Inevitable dystopia seems the apt model to envision our future on earth.  Wherefore art thou, Discovery, into our world of social and political fracture?  Can we even recognize ourselves in utopian science fiction?

It bears remembering that the world to which Roddenberry first introduced Star Trek was itself no utopia.  The Original Series tendered commentary that might seem trite now—e.g., TV’s first interracial kiss between Kirk (Shatner) and bridge officer Uhuru (Nichelle Nichols), the “black on the ‘right’ side” racism of Let That Be Your Last Battlefield, the futile primitive conflict of A Private Little War.  But that commentary was sophisticated and controversial in its time.  Star Trek’s very proffer of earthbound east and west in common pursuit of human survival and space exploration was a calculated critique of Jim Crow, the space race, Vietnam, and the Cold War.  Star Trek’s utopian vision was launched amid the civil rights fire that forged our second national reconstruction.

So maybe now is exactly the time for Star Trek.  Maybe we need utopia now more than ever, precisely because it is so unfamiliar.

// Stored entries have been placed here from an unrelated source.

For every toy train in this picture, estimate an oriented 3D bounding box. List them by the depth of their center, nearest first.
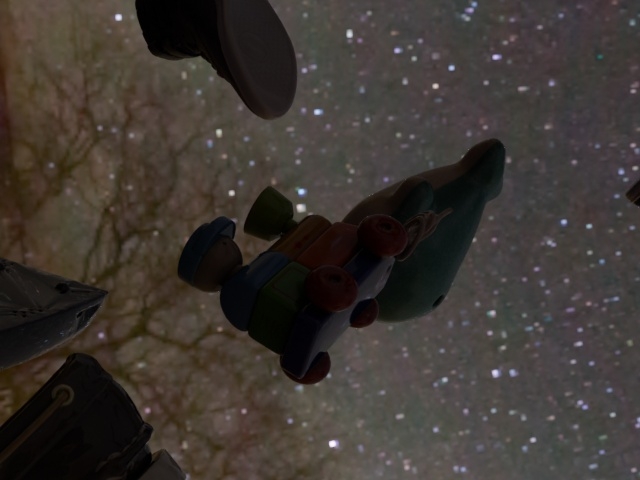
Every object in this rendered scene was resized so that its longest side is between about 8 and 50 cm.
[{"bbox_3d":[0.000,0.000,0.915,0.143,0.248,0.105,31,-49,14],"label":"toy train"}]

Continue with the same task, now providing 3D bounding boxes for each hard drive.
[{"bbox_3d":[-0.340,0.072,1.026,0.172,0.254,0.054,15,-76,19],"label":"hard drive"}]

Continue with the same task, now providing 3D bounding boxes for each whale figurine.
[{"bbox_3d":[0.137,-0.005,1.310,0.141,0.272,0.216,49,-12,23],"label":"whale figurine"}]

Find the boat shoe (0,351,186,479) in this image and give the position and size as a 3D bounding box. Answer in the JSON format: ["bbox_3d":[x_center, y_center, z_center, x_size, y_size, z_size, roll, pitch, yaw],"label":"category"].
[{"bbox_3d":[-0.162,0.130,0.396,0.069,0.227,0.081,56,-13,-2],"label":"boat shoe"}]

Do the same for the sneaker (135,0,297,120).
[{"bbox_3d":[-0.131,-0.238,1.300,0.147,0.104,0.296,-41,-118,35],"label":"sneaker"}]

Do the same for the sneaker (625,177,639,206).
[{"bbox_3d":[0.511,-0.082,1.376,0.121,0.217,0.079,54,-1,6],"label":"sneaker"}]

As Star Trek turned 50 in 2016, Sir Thomas More’s enigmatic Utopia turned 500.  More’s Utopia was a social critique, not a social blueprint.  Critique always has been the raison d’être of science fiction.  There is no utility in only imagining the future.  The endgame is to hold up that parallel world next to your own, to see how the two compare.

For Star Trek, the final frontier is not space.  The final frontier—the discovery—always has been us.